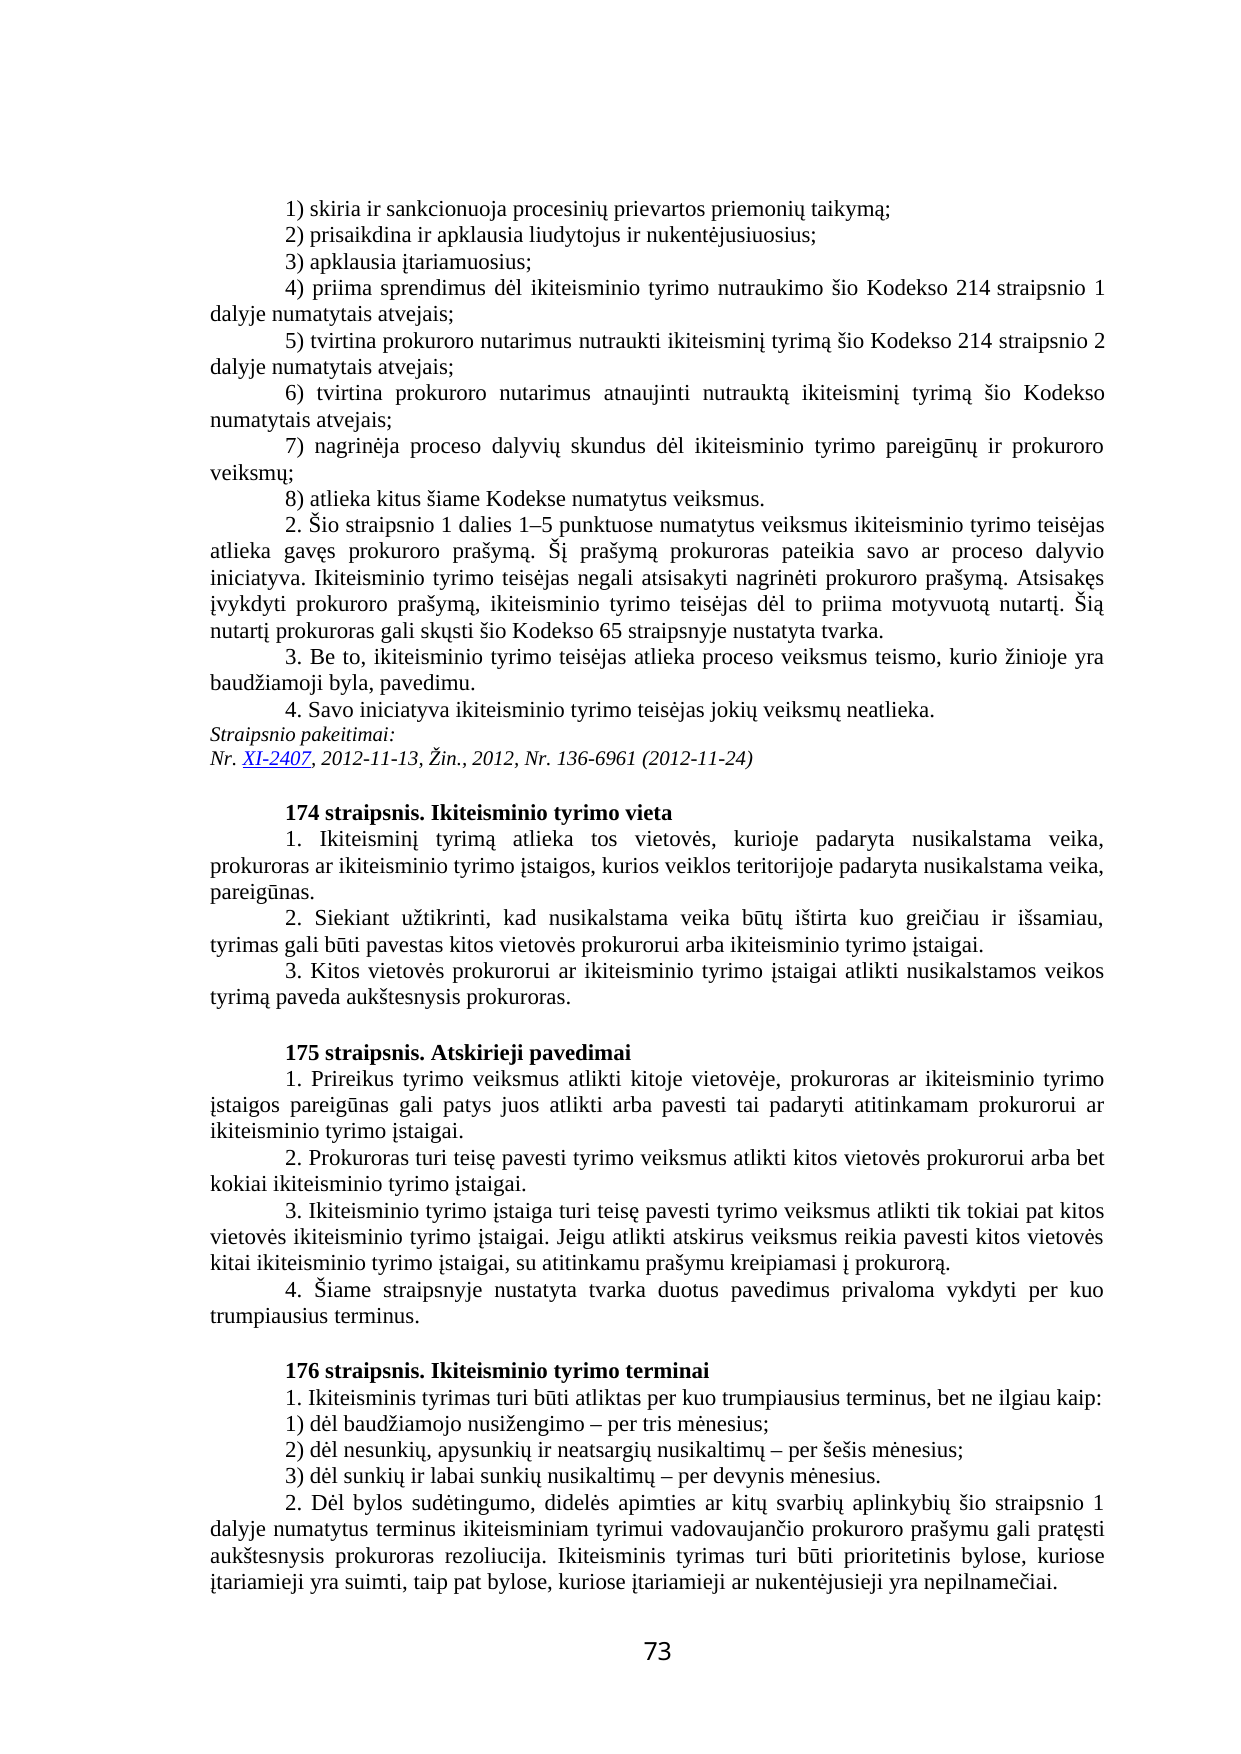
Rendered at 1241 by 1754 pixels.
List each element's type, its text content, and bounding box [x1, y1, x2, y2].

text 174 straipsnis. Ikiteisminio tyrimo vieta [210, 799, 1106, 825]
text 4. Savo iniciatyva ikiteisminio tyrimo teisėjas jokių veiksmų neatlieka. [210, 696, 1106, 722]
text 3. Ikiteisminio tyrimo įstaiga turi teisę pavesti tyrimo veiksmus atlikti tik tokiai pat kitos vietovės ikiteisminio tyrimo įstaigai. Jeigu atlikti atskirus veiksmus reikia pavesti kitos vietovės kitai ikiteisminio tyrimo įstaigai, su atitinkamu prašymu kreipiamasi į prokurorą. [210, 1197, 1106, 1276]
text 8) atlieka kitus šiame Kodekse numatytus veiksmus. [210, 485, 1106, 511]
text 3) dėl sunkių ir labai sunkių nusikaltimų – per devynis mėnesius. [210, 1463, 1106, 1489]
text 2. Dėl bylos sudėtingumo, didelės apimties ar kitų svarbių aplinkybių šio straipsnio 1 dalyje numatytus terminus ikiteisminiam tyrimui vadovaujančio prokuroro prašymu gali pratęsti aukštesnysis prokuroras rezoliucija. Ikiteisminis tyrimas turi būti prioritetinis bylose, kuriose įtariamieji yra suimti, taip pat bylose, kuriose įtariamieji ar nukentėjusieji yra nepilnamečiai. [210, 1489, 1106, 1594]
text 2. Prokuroras turi teisę pavesti tyrimo veiksmus atlikti kitos vietovės prokurorui arba bet kokiai ikiteisminio tyrimo įstaigai. [210, 1144, 1106, 1197]
text 1. Ikiteisminis tyrimas turi būti atliktas per kuo trumpiausius terminus, bet ne ilgiau kaip: [210, 1383, 1106, 1410]
text 1. Ikiteisminį tyrimą atlieka tos vietovės, kurioje padaryta nusikalstama veika, prokuroras ar ikiteisminio tyrimo įstaigos, kurios veiklos teritorijoje padaryta nusikalstama veika, pareigūnas. [210, 825, 1106, 904]
text 6) tvirtina prokuroro nutarimus atnaujinti nutrauktą ikiteisminį tyrimą šio Kodekso numatytais atvejais; [210, 379, 1106, 432]
text 7) nagrinėja proceso dalyvių skundus dėl ikiteisminio tyrimo pareigūnų ir prokuroro veiksmų; [210, 432, 1106, 485]
text 175 straipsnis. Atskirieji pavedimai [210, 1038, 1106, 1065]
text Nr. XI-2407, 2012-11-13, Žin., 2012, Nr. 136-6961 (2012-11-24) [210, 746, 1106, 770]
text 2. Šio straipsnio 1 dalies 1–5 punktuose numatytus veiksmus ikiteisminio tyrimo teisėjas atlieka gavęs prokuroro prašymą. Šį prašymą prokuroras pateikia savo ar proceso dalyvio iniciatyva. Ikiteisminio tyrimo teisėjas negali atsisakyti nagrinėti prokuroro prašymą. Atsisakęs įvykdyti prokuroro prašymą, ikiteisminio tyrimo teisėjas dėl to priima motyvuotą nutartį. Šią nutartį prokuroras gali skųsti šio Kodekso 65 straipsnyje nustatyta tvarka. [210, 511, 1106, 643]
text 3. Kitos vietovės prokurorui ar ikiteisminio tyrimo įstaigai atlikti nusikalstamos veikos tyrimą paveda aukštesnysis prokuroras. [210, 957, 1106, 1010]
text 4. Šiame straipsnyje nustatyta tvarka duotus pavedimus privaloma vykdyti per kuo trumpiausius terminus. [210, 1276, 1106, 1328]
text 4) priima sprendimus dėl ikiteisminio tyrimo nutraukimo šio Kodekso 214 straipsnio 1 dalyje numatytais atvejais; [210, 274, 1106, 327]
text Straipsnio pakeitimai: [210, 722, 1106, 746]
text 2) prisaikdina ir apklausia liudytojus ir nukentėjusiuosius; [210, 221, 1106, 248]
text 2. Siekiant užtikrinti, kad nusikalstama veika būtų ištirta kuo greičiau ir išsamiau, tyrimas gali būti pavestas kitos vietovės prokurorui arba ikiteisminio tyrimo įstaigai. [210, 904, 1106, 957]
text 5) tvirtina prokuroro nutarimus nutraukti ikiteisminį tyrimą šio Kodekso 214 straipsnio 2 dalyje numatytais atvejais; [210, 327, 1106, 379]
text 176 straipsnis. Ikiteisminio tyrimo terminai [210, 1357, 1106, 1383]
text 1. Prireikus tyrimo veiksmus atlikti kitoje vietovėje, prokuroras ar ikiteisminio tyrimo įstaigos pareigūnas gali patys juos atlikti arba pavesti tai padaryti atitinkamam prokurorui ar ikiteisminio tyrimo įstaigai. [210, 1065, 1106, 1144]
text 2) dėl nesunkių, apysunkių ir neatsargių nusikaltimų – per šešis mėnesius; [210, 1436, 1106, 1463]
text 1) dėl baudžiamojo nusižengimo – per tris mėnesius; [210, 1410, 1106, 1436]
text 3. Be to, ikiteisminio tyrimo teisėjas atlieka proceso veiksmus teismo, kurio žinioje yra baudžiamoji byla, pavedimu. [210, 643, 1106, 696]
text 1) skiria ir sankcionuoja procesinių prievartos priemonių taikymą; [210, 195, 1106, 221]
text 3) apklausia įtariamuosius; [210, 248, 1106, 274]

## The task
Across the records above, show each line containing the word "Kodekso".

## Written answer
text 6) tvirtina prokuroro nutarimus atnaujinti nutrauktą ikiteisminį tyrimą šio Kodekso numatytais atvejais; [210, 379, 1106, 432]
text 2. Šio straipsnio 1 dalies 1–5 punktuose numatytus veiksmus ikiteisminio tyrimo teisėjas atlieka gavęs prokuroro prašymą. Šį prašymą prokuroras pateikia savo ar proceso dalyvio iniciatyva. Ikiteisminio tyrimo teisėjas negali atsisakyti nagrinėti prokuroro prašymą. Atsisakęs įvykdyti prokuroro prašymą, ikiteisminio tyrimo teisėjas dėl to priima motyvuotą nutartį. Šią nutartį prokuroras gali skųsti šio Kodekso 65 straipsnyje nustatyta tvarka. [210, 511, 1106, 643]
text 4) priima sprendimus dėl ikiteisminio tyrimo nutraukimo šio Kodekso 214 straipsnio 1 dalyje numatytais atvejais; [210, 274, 1106, 327]
text 5) tvirtina prokuroro nutarimus nutraukti ikiteisminį tyrimą šio Kodekso 214 straipsnio 2 dalyje numatytais atvejais; [210, 327, 1106, 379]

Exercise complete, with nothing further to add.